In this section I will be exploring the Airbnb data schema. I will choose Madrid for this task, but all locations follow the same schema.


In [8]:
madrid_files: Path = Path("../data/airbnb/madrid")

In [9]:
listings_schema_df = pd.read_csv(
    madrid_files.parent.joinpath("listings_schema.csv")
).set_index("Field")
listings_df = pd.read_csv(madrid_files.joinpath("listings.csv.bz2"))
calendar_df = pd.read_csv(madrid_files.joinpath("calendar.csv.bz2"))

### 1.1. Listings


Listings fields with descriptions


In [10]:
listings_with_desc = listings_schema_df[["Description"]].dropna()
listings_with_desc

Unnamed: 0_level_0,Description
Field,Unnamed: 1_level_1
id,Airbnb's unique identifier for the listing
scrape_id,"Inside Airbnb ""Scrape"" this was part of"
last_scraped,"UTC. The date and time this listing was ""scrap..."
source,"One of ""neighbourhood search"" or ""previous scr..."
name,Name of the listing
description,Detailed description of the listing
neighborhood_overview,Host's description of the neighbourhood
picture_url,URL to the Airbnb hosted regular sized image f...
host_id,Airbnb's unique identifier for the host/user
host_url,The Airbnb page for the host


Listings fields without descriptions


In [11]:
listings_without_desc = listings_schema_df[["Description"]][
    listings_schema_df["Description"].isna()
]
listings_without_desc.index.tolist()

['listing_url',
 'host_response_time',
 'host_response_rate',
 'host_is_superhost',
 'host_thumbnail_url',
 'host_picture_url',
 'host_neighbourhood',
 'host_verifications',
 'host_has_profile_pic',
 'host_identity_verified',
 'neighbourhood',
 'amenities',
 'calendar_updated',
 'calendar_last_scraped',
 'review_scores_rating',
 'review_scores_accuracy',
 'review_scores_cleanliness',
 'review_scores_checkin',
 'review_scores_communication',
 'review_scores_location',
 'review_scores_value']

### 1.2. Calendar


In [12]:
calendar_df.head()

Unnamed: 0,listing_id,date,available,price,adjusted_price,minimum_nights,maximum_nights
0,6369,2022-09-12,f,$77.00,$77.00,21.0,1125.0
1,6369,2022-09-13,f,$77.00,$77.00,21.0,1125.0
2,6369,2022-09-14,f,$77.00,$77.00,21.0,1125.0
3,6369,2022-09-15,f,$77.00,$77.00,21.0,1125.0
4,6369,2022-09-16,f,$77.00,$77.00,21.0,1125.0


## 2. Data wrangling

In this section we will be massaging the data to answer our business questions.


In [13]:
airbnb_files: Path = Path("../data/airbnb")

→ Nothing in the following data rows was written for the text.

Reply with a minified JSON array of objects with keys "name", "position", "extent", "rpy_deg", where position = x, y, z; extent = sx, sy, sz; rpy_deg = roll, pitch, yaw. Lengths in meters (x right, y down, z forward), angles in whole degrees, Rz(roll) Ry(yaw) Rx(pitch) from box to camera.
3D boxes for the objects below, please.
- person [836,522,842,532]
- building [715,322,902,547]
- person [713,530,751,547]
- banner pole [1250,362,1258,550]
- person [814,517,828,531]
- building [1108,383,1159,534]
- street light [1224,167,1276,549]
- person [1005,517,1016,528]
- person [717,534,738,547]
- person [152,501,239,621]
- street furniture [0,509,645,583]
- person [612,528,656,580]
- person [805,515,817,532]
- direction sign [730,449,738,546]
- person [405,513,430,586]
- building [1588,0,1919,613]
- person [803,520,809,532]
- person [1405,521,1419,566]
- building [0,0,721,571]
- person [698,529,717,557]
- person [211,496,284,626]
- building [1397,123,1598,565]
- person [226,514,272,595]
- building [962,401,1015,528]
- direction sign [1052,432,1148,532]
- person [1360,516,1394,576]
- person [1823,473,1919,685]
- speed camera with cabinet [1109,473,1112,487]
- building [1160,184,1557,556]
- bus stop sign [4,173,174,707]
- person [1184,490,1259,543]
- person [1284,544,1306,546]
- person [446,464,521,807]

### 2.1. _What is the average price of each location type per neighbourhood? What are the most expensive neighbourhoods on average?_


In [14]:
most_expensive_hoods = {}
for path in airbnb_files.glob("**/listings.csv.bz2"):
    region_name = path.parent.name
    most_expensive_hoods[region_name.title()] = airbnb_avg_price(path)[1]

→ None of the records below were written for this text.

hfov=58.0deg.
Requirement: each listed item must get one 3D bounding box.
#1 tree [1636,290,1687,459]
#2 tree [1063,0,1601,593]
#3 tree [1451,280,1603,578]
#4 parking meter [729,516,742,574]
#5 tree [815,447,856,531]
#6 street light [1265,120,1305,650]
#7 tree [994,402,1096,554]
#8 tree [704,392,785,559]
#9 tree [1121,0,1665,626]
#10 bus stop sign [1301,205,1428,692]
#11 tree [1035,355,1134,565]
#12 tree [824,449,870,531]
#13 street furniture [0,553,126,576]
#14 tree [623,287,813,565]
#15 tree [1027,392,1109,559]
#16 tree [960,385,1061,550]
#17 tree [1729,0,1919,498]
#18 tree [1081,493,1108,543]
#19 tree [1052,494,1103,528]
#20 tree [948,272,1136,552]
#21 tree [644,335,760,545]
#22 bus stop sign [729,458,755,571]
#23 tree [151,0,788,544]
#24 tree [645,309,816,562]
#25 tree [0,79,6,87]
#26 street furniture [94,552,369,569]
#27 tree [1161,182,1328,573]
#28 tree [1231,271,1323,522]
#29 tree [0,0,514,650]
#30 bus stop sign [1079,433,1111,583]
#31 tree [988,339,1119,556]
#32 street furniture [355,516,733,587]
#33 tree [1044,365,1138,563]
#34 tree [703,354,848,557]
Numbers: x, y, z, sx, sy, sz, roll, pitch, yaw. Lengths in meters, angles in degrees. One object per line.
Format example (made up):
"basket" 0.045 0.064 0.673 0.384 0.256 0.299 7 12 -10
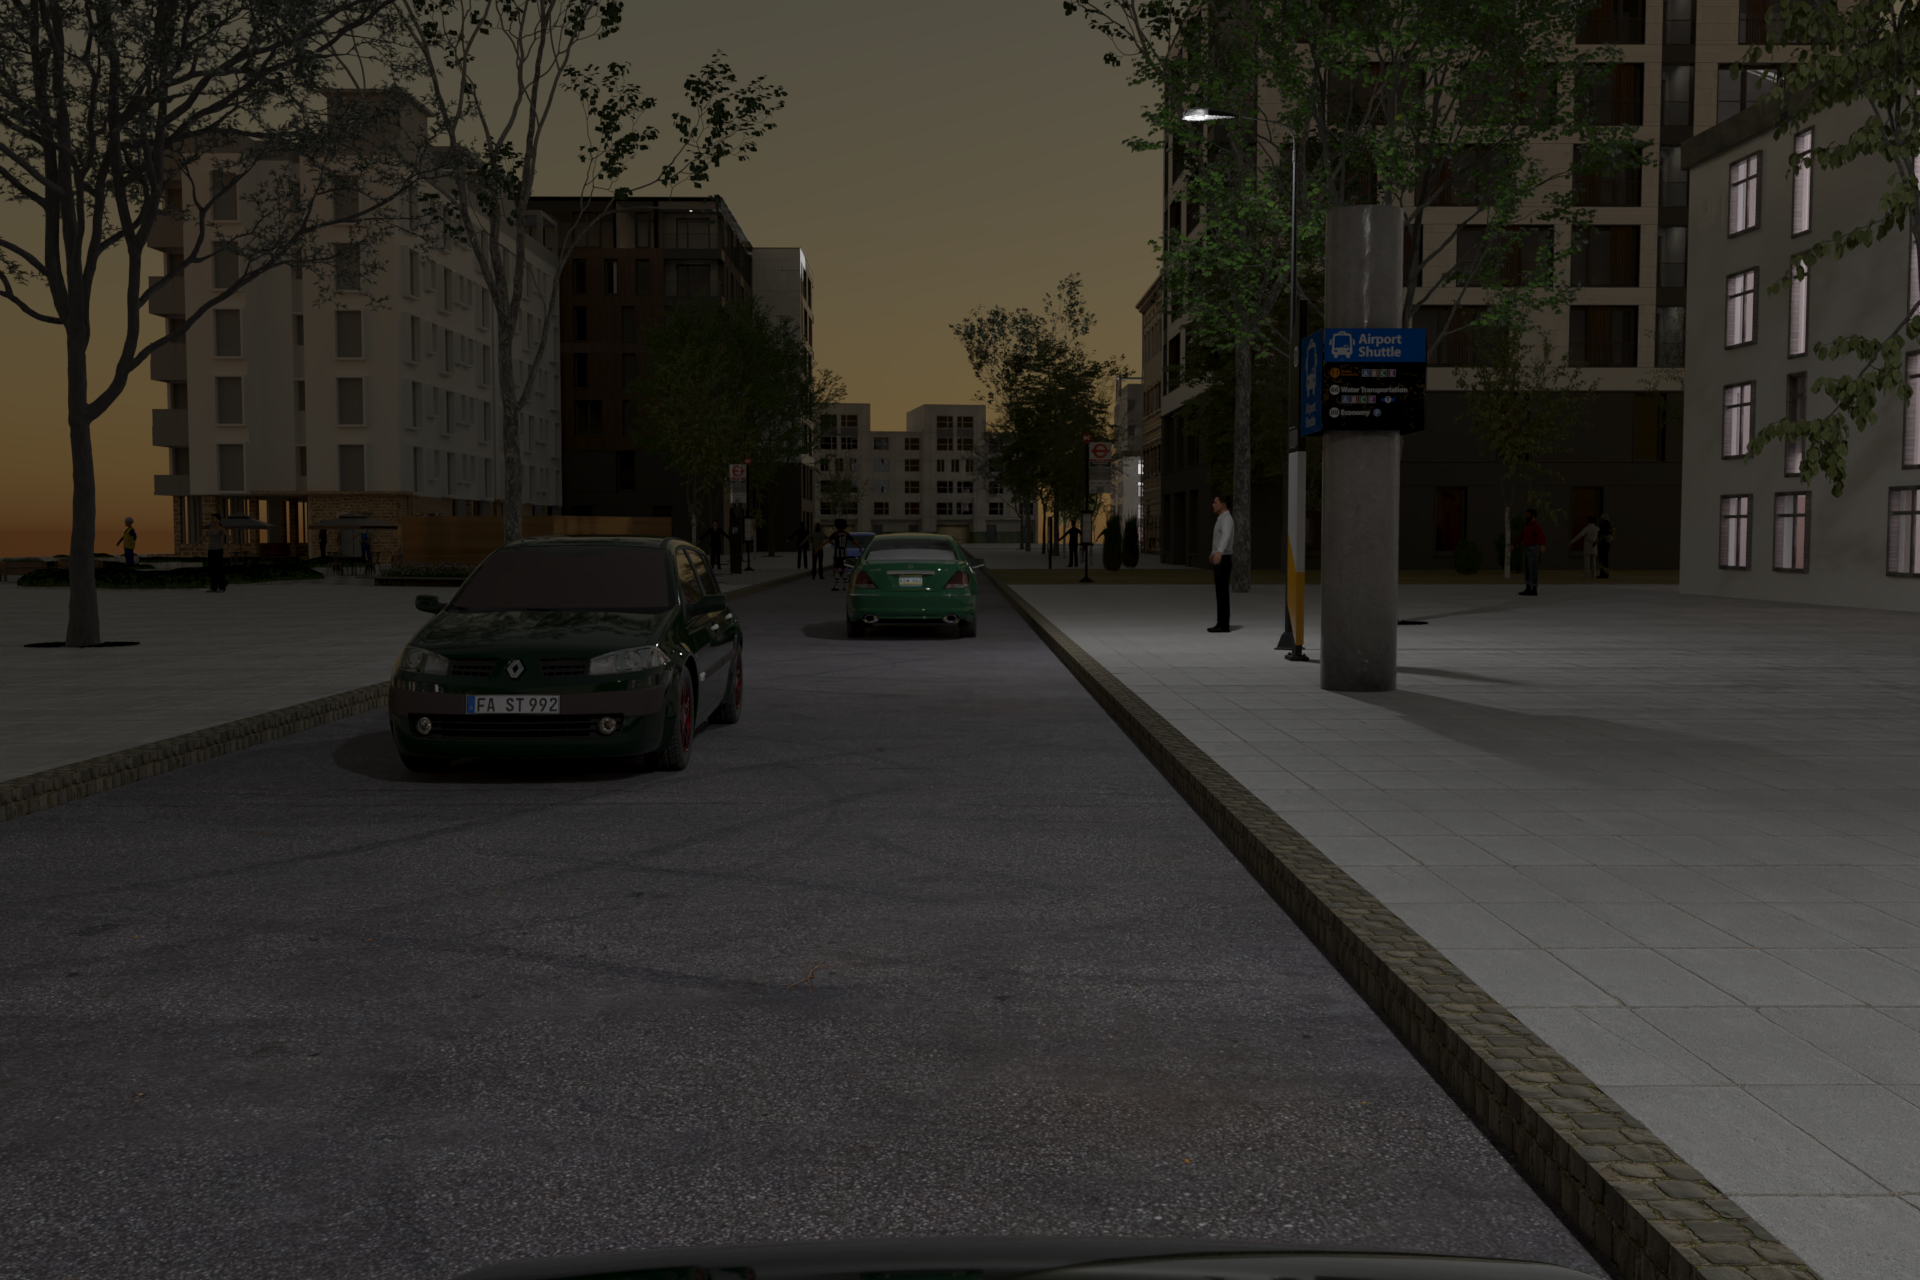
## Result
"tree" 22.497 -6.279 53.026 4.360 8.622 3.978 0 3 0
"tree" 7.366 -11.051 36.581 12.611 20.169 13.585 0 3 0
"tree" 15.971 -6.091 49.954 4.737 8.622 4.395 0 3 0
"parking meter" -7.250 -3.067 55.859 0.399 1.863 0.255 0 4 0
"tree" -10.025 -11.809 143.446 4.360 8.622 3.978 0 3 0
"street light" 4.203 -2.845 19.054 1.470 5.913 1.316 0 4 -1
"tree" 5.672 -10.805 111.070 7.601 10.594 8.767 -2 4 -32
"tree" -10.629 -8.405 87.786 4.737 8.622 4.395 0 3 0
"tree" 6.063 -6.041 24.519 9.928 11.665 9.643 0 3 0
"bus stop sign" 3.297 -1.542 14.233 0.837 3.901 0.837 0 4 0
"tree" 5.481 -7.376 70.960 4.360 8.622 3.978 0 3 0
"tree" -10.067 -12.174 149.404 4.360 8.622 3.978 0 3 0
"street furniture" -31.025 -2.331 53.731 10.072 0.657 5.734 -2 4 -25
"tree" -10.134 -8.934 71.833 9.928 11.665 9.643 0 3 0
"tree" 5.146 -8.488 89.144 4.360 8.622 3.978 0 3 0
"tree" 5.008 -14.196 142.473 12.009 13.543 11.850 0 3 0
"tree" 6.084 -3.636 9.819 4.737 8.622 4.395 0 3 0
"tree" 18.061 -17.447 235.619 4.737 8.622 4.395 0 3 0
"tree" 16.331 -19.829 242.336 7.486 12.596 7.792 0 3 0
"tree" 5.885 -16.501 125.674 12.611 20.169 13.585 0 3 0
"tree" -9.810 -7.023 65.195 4.737 8.622 4.395 0 3 0
"bus stop sign" -7.606 -4.387 60.427 0.855 3.939 0.416 0 4 1
"tree" -9.861 -11.023 36.118 12.611 20.169 13.585 0 3 0
"tree" -10.373 -9.436 80.041 9.928 11.665 9.643 0 3 0
"tree" -9.348 -5.538 8.671 7.486 12.596 7.792 0 3 0
"street furniture" -27.077 -2.939 63.678 10.072 0.657 5.734 -1 4 -12
"tree" 10.366 -8.476 56.712 7.486 12.596 7.792 0 3 0
"tree" 9.269 -6.027 48.904 4.360 8.622 3.978 0 3 0
"tree" -9.883 -6.672 19.449 12.009 13.543 11.850 0 3 0
"bus stop sign" 3.580 -3.501 45.938 0.855 3.939 0.416 0 4 0
"tree" 5.537 -11.223 101.618 7.486 12.596 7.792 0 3 0
"street furniture" -10.594 -2.237 43.431 11.010 1.723 9.812 2 4 24
"tree" 5.128 -7.703 76.301 4.360 8.622 3.978 0 3 0
"tree" -10.426 -10.468 96.911 9.928 11.665 9.643 0 3 0

most_expensive_hoods_df = pd.DataFrame(most_expensive_hoods).transpose()
most_expensive_hoods_df

Unnamed: 0,Entire home/apt,Hotel room,Private room,Shared room
Sevilla,La Barzola,Santa Catalina,Bellavista,Santa Clara
Valencia,Favara,El Pilar,Rafalell-Vistabella,El Grau
Menorca,Sant Lluís,Mahón,Sant Lluís,Alaior
Mallorca,Andratx,Capdepera,Sencelles,Llucmajor
Euskadi,Laguardia,Karrantza Harana,Zarautz,Vitoria-Gasteiz
Barcelona,La Font D'En Fargues,La Font De La Guatlla,El Guinardó,Les Tres Torres
Girona,Torroella De Fluvià,Tossa De Mar,Sant Feliu De Pallerols,Vidreres
Madrid,Canillejas,Numancia,Arcos,San Pascual
Malaga,Cruz De Humilladero,Churriana,Churriana,Cruz De Humilladero


### 2.2. _What is the average host acceptance rate per location type and neighborhood? In which neighbourhoods is it the highest and in which the lowest?_

This can give us an idea of the negotiating power of the hosts or the desirability of guests.


In [15]:
highest_accept_rate_hoods = {}
for path in airbnb_files.glob("**/listings.csv.bz2"):
    region_name = path.parent.name
    highest_accept_rate_hoods[region_name.title()] = airbnb_avg_accept_rate(path)[1]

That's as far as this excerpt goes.